### [INSTRUCTIONS FOR THE TASK]
From the first line of the listing below, retype each line up to and including the one with "Look at the"; pictures stay out.

### [DATA]
-------------------------

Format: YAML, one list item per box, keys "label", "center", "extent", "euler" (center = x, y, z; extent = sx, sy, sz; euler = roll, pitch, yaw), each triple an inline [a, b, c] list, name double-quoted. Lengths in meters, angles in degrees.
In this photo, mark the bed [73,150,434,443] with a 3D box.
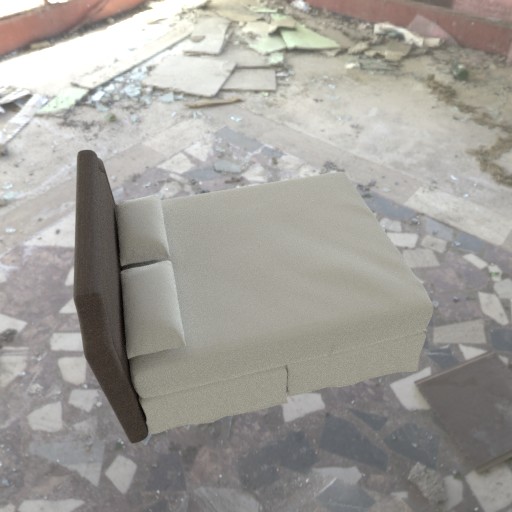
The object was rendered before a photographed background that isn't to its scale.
- label: "bed"
  center: [0.000, 0.000, 3.135]
  extent: [2.116, 1.290, 1.693]
  euler: [-11, 48, -10]
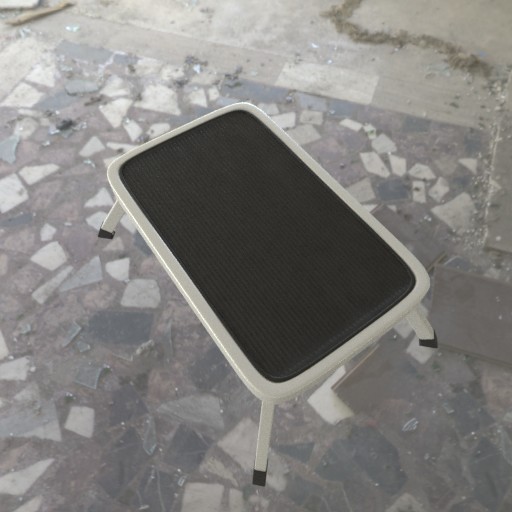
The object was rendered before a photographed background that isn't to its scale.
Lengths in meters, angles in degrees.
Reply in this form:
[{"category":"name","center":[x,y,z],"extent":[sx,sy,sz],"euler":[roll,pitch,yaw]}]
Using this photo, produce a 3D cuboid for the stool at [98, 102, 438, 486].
[{"category":"stool","center":[0.000,0.000,0.605],"extent":[0.320,0.170,0.460],"euler":[-31,64,-17]}]
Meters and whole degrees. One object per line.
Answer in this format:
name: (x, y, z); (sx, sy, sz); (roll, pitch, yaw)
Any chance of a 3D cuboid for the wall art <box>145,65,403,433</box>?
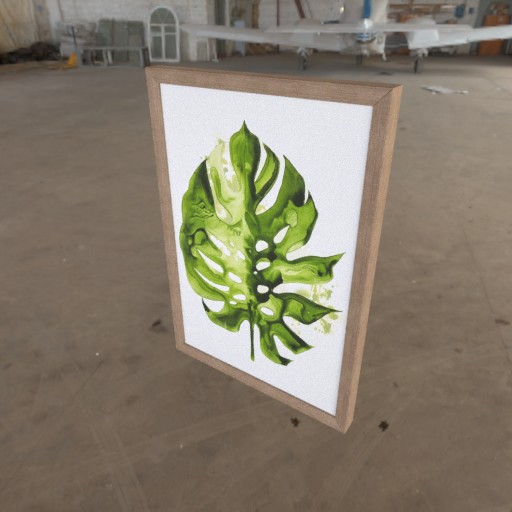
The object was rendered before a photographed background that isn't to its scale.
wall art: (0.000, 0.000, 0.667); (0.356, 0.509, 0.031); (18, 33, 30)
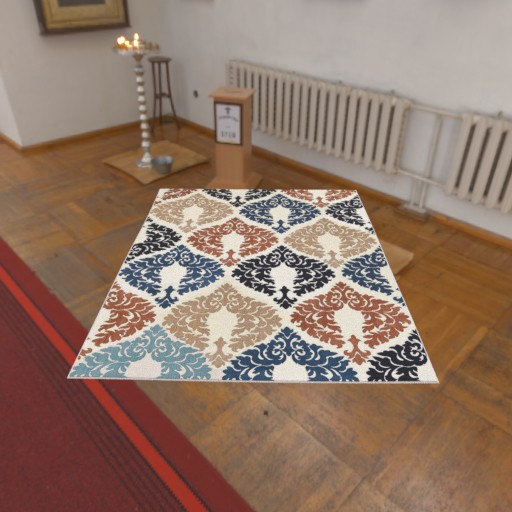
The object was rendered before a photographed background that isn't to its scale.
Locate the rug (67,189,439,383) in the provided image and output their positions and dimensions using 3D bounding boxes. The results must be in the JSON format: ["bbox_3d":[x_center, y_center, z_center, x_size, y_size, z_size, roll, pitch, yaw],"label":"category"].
[{"bbox_3d":[0.000,0.000,4.147,2.423,0.014,3.040,0,32,1],"label":"rug"}]
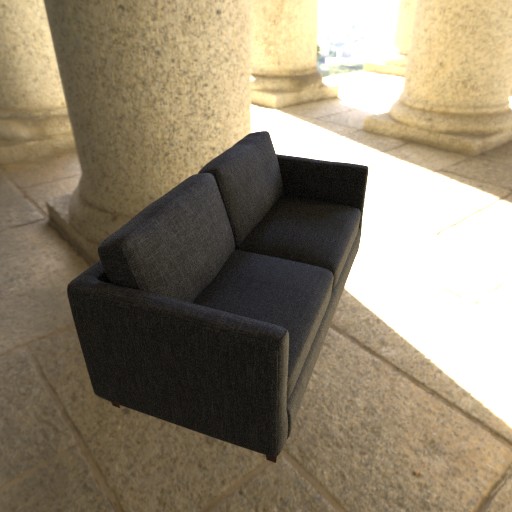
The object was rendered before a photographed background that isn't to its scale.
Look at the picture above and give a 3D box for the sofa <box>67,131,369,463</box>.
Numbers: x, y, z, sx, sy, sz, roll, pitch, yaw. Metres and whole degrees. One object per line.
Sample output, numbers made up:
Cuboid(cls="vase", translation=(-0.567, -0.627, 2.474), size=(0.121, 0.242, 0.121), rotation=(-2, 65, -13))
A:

-------------------------

### [SOLUTION]
Format: YAML, one list item per box, keys "label", "center", "extent", "euler" (center = x, y, z; extent = sx, sy, sz; euler = roll, pitch, yaw), each triple an inline [a, b, c] list, name double-quoted. Lengths in meters, angles in degrees.
In this photo, mark the bed [73,150,434,443] with a 3D box.
The object was rendered before a photographed background that isn't to its scale.
- label: "bed"
  center: [0.000, 0.000, 3.135]
  extent: [2.116, 1.290, 1.693]
  euler: [-11, 48, -10]
The object was rendered before a photographed background that isn't to its scale.
Lengths in meters, angles in degrees.
Reply in this form:
[{"category":"name","center":[x,y,z],"extent":[sx,sy,sz],"euler":[roll,pitch,yaw]}]
Using this photo, produce a 3D cuboid for the stool at [98, 102, 438, 486].
[{"category":"stool","center":[0.000,0.000,0.605],"extent":[0.320,0.170,0.460],"euler":[-31,64,-17]}]
Meters and whole degrees. One object per line.
Answer in this format:
name: (x, y, z); (sx, sy, sz); (roll, pitch, yaw)
Any chance of a 3D cuboid for the wall art <box>145,65,403,433</box>?
The object was rendered before a photographed background that isn't to its scale.
wall art: (0.000, 0.000, 0.667); (0.356, 0.509, 0.031); (18, 33, 30)
The object was rendered before a photographed background that isn't to its scale.
Locate the rug (67,189,439,383) in the provided image and output their positions and dimensions using 3D bounding boxes. The results must be in the JSON format: ["bbox_3d":[x_center, y_center, z_center, x_size, y_size, z_size, roll, pitch, yaw],"label":"category"].
[{"bbox_3d":[0.000,0.000,4.147,2.423,0.014,3.040,0,32,1],"label":"rug"}]
The object was rendered before a photographed background that isn't to its scale.
Look at the picture above and give a 3D box for the sofa <box>67,131,369,463</box>.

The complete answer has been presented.